◆ Task to carry out
Whenever a line of the data below holds the string "sling", copy that line.

◆ Supplied material
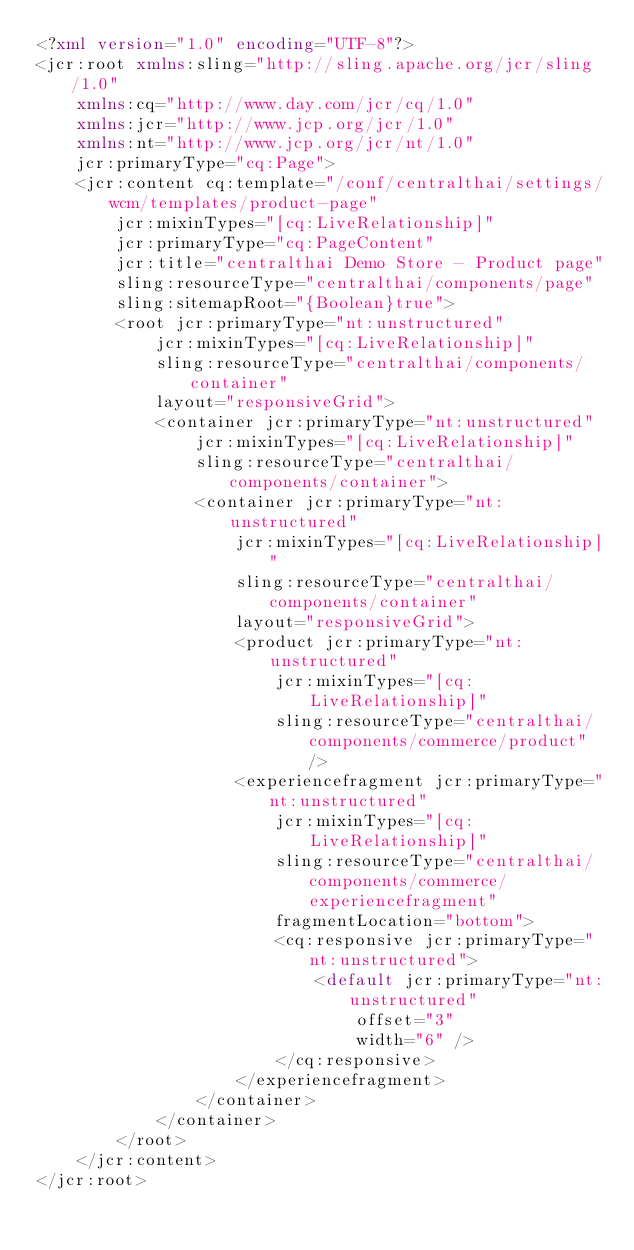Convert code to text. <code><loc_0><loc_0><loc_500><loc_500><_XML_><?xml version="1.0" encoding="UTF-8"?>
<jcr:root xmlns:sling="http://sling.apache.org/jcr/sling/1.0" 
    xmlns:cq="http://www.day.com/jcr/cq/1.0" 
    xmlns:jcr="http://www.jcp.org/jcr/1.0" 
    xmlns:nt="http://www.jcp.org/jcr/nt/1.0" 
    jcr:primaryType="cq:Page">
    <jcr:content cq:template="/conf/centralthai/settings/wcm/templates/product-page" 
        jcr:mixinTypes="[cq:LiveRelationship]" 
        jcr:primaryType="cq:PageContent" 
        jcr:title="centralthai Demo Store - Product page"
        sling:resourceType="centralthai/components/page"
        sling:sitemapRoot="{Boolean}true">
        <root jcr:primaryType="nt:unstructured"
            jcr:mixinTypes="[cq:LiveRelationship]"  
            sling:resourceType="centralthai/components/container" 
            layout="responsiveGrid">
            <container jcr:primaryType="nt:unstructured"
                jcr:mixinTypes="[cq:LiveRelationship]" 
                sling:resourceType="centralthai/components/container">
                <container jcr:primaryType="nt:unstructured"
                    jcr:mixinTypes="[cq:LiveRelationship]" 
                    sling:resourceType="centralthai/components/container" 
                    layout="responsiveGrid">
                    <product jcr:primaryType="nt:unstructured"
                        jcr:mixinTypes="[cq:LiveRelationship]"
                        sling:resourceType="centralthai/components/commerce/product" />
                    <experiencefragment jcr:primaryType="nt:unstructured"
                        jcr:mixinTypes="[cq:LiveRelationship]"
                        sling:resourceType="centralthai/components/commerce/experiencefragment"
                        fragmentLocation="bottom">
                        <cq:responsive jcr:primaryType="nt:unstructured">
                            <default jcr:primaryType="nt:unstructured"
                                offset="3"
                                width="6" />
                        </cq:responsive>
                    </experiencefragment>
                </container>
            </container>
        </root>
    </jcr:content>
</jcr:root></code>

◆ Reply
<jcr:root xmlns:sling="http://sling.apache.org/jcr/sling/1.0" 
        sling:resourceType="centralthai/components/page"
        sling:sitemapRoot="{Boolean}true">
            sling:resourceType="centralthai/components/container" 
                sling:resourceType="centralthai/components/container">
                    sling:resourceType="centralthai/components/container" 
                        sling:resourceType="centralthai/components/commerce/product" />
                        sling:resourceType="centralthai/components/commerce/experiencefragment"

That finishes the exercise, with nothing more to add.